The Galápagos archipelago is also the home of paleoendemic species.

The Santa Cruz cypress (Hesperocyparis abramsiana; formerly classified as Cupressus abramsiana) has a geographic range limited to a small section in the Monterey Bay region of California where subsea canyon topography reliably produces summer fog, owing to cold water upwelling. The U.S. Fish and Wildlife Service listed the species as endangered in 1987, due to increasing threats from habitat loss and disruption of natural forest fire regimes.

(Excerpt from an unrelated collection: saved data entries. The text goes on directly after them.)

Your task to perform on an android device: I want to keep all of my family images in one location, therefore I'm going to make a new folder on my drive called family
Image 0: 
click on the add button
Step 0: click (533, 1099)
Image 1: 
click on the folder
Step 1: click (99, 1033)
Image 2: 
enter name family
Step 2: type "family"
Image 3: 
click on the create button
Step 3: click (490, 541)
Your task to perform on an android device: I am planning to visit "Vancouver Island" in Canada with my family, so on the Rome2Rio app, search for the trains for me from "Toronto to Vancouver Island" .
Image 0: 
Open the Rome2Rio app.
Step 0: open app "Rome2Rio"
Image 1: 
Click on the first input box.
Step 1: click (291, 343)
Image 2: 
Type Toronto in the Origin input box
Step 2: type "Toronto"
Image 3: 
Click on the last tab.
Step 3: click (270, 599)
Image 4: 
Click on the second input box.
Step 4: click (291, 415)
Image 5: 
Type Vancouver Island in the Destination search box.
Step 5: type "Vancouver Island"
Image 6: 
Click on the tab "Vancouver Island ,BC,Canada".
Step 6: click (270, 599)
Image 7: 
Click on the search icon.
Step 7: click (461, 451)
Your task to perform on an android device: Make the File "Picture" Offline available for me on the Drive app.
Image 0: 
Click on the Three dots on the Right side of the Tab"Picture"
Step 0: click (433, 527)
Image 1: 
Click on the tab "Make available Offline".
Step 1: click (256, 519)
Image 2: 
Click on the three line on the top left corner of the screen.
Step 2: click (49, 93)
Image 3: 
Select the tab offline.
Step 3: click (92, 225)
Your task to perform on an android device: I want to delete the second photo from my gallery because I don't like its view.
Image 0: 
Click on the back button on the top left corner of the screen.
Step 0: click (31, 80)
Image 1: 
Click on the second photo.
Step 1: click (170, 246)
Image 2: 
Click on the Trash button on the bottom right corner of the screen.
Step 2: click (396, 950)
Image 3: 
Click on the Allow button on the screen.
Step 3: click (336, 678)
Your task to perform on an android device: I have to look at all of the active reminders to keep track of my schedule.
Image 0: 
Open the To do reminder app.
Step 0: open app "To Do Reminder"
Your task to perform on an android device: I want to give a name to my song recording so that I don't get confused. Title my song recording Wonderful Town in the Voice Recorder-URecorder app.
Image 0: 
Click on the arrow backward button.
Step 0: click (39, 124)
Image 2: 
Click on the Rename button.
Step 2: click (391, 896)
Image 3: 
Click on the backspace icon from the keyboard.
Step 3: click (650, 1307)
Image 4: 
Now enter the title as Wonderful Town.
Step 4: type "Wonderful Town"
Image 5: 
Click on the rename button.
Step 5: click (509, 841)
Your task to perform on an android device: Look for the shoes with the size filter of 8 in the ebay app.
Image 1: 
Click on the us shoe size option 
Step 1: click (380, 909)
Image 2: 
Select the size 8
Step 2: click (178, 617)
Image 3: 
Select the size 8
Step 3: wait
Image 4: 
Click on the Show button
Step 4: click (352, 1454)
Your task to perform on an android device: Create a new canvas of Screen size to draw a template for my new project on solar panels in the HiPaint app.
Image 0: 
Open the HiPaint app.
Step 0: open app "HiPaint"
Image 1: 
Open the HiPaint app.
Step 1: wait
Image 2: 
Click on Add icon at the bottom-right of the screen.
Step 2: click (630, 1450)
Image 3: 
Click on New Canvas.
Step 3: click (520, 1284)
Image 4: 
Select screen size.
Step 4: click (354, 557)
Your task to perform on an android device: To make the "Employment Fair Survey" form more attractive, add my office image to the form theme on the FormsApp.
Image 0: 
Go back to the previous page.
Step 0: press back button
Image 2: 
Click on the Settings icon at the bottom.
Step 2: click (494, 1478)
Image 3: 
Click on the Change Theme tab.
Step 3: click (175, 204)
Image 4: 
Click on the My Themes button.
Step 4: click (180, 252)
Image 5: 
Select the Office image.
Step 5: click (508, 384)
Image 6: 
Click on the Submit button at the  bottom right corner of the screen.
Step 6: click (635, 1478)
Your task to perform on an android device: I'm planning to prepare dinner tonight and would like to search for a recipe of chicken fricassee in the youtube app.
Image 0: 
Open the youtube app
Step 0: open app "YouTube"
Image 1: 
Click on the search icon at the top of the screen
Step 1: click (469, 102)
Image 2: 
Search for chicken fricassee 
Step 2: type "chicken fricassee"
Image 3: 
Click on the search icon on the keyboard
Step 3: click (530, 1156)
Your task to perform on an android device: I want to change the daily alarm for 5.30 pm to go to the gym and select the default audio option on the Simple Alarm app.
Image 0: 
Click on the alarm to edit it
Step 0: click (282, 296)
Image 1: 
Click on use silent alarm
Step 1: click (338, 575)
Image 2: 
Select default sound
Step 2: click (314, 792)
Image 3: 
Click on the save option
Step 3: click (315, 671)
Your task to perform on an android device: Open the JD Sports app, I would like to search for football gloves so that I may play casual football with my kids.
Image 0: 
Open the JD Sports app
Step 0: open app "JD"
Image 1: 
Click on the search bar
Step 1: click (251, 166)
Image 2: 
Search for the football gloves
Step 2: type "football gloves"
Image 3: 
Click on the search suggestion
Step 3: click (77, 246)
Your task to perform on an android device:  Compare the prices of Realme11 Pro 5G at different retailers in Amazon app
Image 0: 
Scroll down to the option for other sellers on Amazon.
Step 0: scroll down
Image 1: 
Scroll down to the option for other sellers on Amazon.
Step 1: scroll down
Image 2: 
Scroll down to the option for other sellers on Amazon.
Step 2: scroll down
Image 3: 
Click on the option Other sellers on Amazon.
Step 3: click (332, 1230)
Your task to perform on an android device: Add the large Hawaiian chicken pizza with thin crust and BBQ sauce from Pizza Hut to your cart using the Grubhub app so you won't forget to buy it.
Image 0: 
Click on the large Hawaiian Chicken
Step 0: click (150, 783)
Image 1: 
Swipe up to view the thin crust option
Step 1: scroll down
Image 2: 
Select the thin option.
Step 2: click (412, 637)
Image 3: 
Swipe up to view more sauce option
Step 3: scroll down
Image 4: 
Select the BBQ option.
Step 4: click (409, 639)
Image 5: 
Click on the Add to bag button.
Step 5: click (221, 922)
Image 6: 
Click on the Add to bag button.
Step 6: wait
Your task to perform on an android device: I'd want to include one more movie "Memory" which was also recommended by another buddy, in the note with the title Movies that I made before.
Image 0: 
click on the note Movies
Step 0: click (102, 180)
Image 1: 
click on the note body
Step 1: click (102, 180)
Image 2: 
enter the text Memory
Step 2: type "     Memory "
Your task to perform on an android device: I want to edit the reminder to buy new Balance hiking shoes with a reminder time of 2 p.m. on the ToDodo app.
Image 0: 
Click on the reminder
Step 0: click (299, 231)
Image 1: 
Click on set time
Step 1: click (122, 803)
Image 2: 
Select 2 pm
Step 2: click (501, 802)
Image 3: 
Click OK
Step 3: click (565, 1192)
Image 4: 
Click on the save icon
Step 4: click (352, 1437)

In 2016, the conservation status of the Santa Cruz cypress was reduced to threatened. The cited reasoning was a decrease in threats against their habitat. However, a lengthy section of the 2016 federal report titled "Genetic introgression" (also known as introgressive hybridization) explains how the integrity of this species is also threatened by nearby horticultural plantings of a sister species, Monterey cypress, whose historically native range is nearby: on the opposite side of Monterey Bay. Hybridization is known to occur between the two endemics — as well as with a widely planted sister species native to Arizona: Arizona cypress. The ease of hybridization of cypress species in the American southwest has fostered a parallel history of taxonomic disagreements of where genus and species distinctions should apply. It thus provides a case study of neoendemism in conifers. As well, it illustrates an element of ongoing human impact — wind-dispersed pollen contamination from horticultural plantings — that cannot easily be corrected to meet conservation goals.